JCHS speech competitor: We must break barriers

Leticia Nketiah wants everyone to embrace their elephants, and giving that advice earned her a fifth-place spot on a national stage.

Nketiah, a rising senior and member of Jefferson City High School's speech and debate team, competed Friday as one of six finalists in the category of original oratory at the National Speech and Debate Association's tournament in Fort Lauderdale, Florida.

Nketiah earned a $500 scholarship as a finalist in the Joe and Pam Wycoff Original Oratory category, sponsored by the Patrick Henry Memorial Foundation Auxiliary.

Finalists' speeches were live-streamed, and Nketiah spoke about and called for an increased acceptance of diversity in the United States.

She recalled not being able to find a crowd for herself, feeling alone and struggling with the word "different," being a child of Ghanian parents, who came to the U.S. to become citizens before she was born.

"Are we supposed to be riding around on elephants?" she said of grappling with her African identity in America.

The U.S. is grappling with much larger questions about diversity, too - proverbial elephants in all kinds of private rooms and public spaces.

"Our growing diversity is testing the way we value it," and American society is failing, Nketiah said. "We only seem to be trading dialogue for division.

"Questions that promote differences are an essential part to understanding and communicating; it's just how we ask those questions," she said.
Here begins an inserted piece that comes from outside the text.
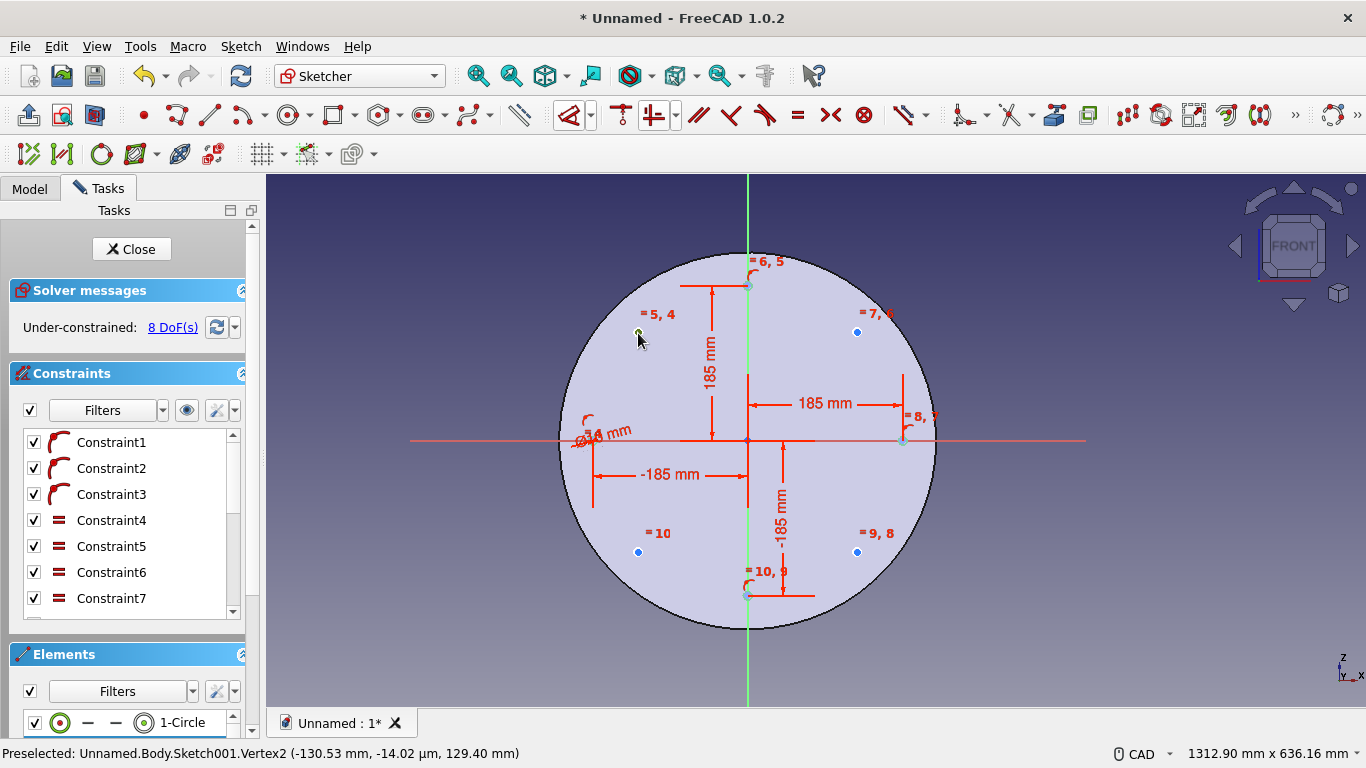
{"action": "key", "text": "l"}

She said one problem is American society no longer embraces complex knowledge. Instead of evaluating each other with more than overly-simplistic characterizations, people retreat into denial and beliefs in simplicity.

Even though simplicity is easier and it's how people tend to analyze information, Nketiah said "our world can never be just simple," because "when we cannot appreciate complexity, our world descends into a place where no one is truly understood."

She also said diversity is not just about race - but also the fellow student with a teacher's assistant no one talks to or the short student in gym class who never gets picked for a team.

"We should not be promoting barriers. We should be tearing them down, and the solution starts with us," she said, adding "Diversity can be difficult, but it is not impossible.

"We need to start by saying, 'hello.' Whether you've been a victim to devaluing your own diversity or not, we need to start conversations with 'hello.'

"Go out, and don't be afraid of becoming that elephant," she said.

Other finalists in her category spoke about the lethal problems their generation faces - and often vocally stand up to fight against - including social disconnection and deep personal unhappiness that's masked and spread by social media; an obsession with bad news and rejections of public displays of joy; gun violence, especially mass shootings; the bold public presence of unashamed white supremacists; and mounting violence against black, brown and LGBT bodies.

Speakers were diverse, too. Other finalists in Nketiah's category included a Sikh young man, a young woman wearing a hijab - the headscarf some Muslim women wear - and a young woman whose family came from Vietnam.

JCHS received a school of honor award in speech, "which means that we are among the top 40 in the nation," speech and debate coach Jordan Hart said. Hart accepted the award on stage with coaches from other schools.

JCHS's team also had several other members finish in the top 20, 50 and 60 of other competition categories, including Will Henrickson, Mitchell Huston, Michael Manda, Rakesh Natarajan and Michael Waggoner.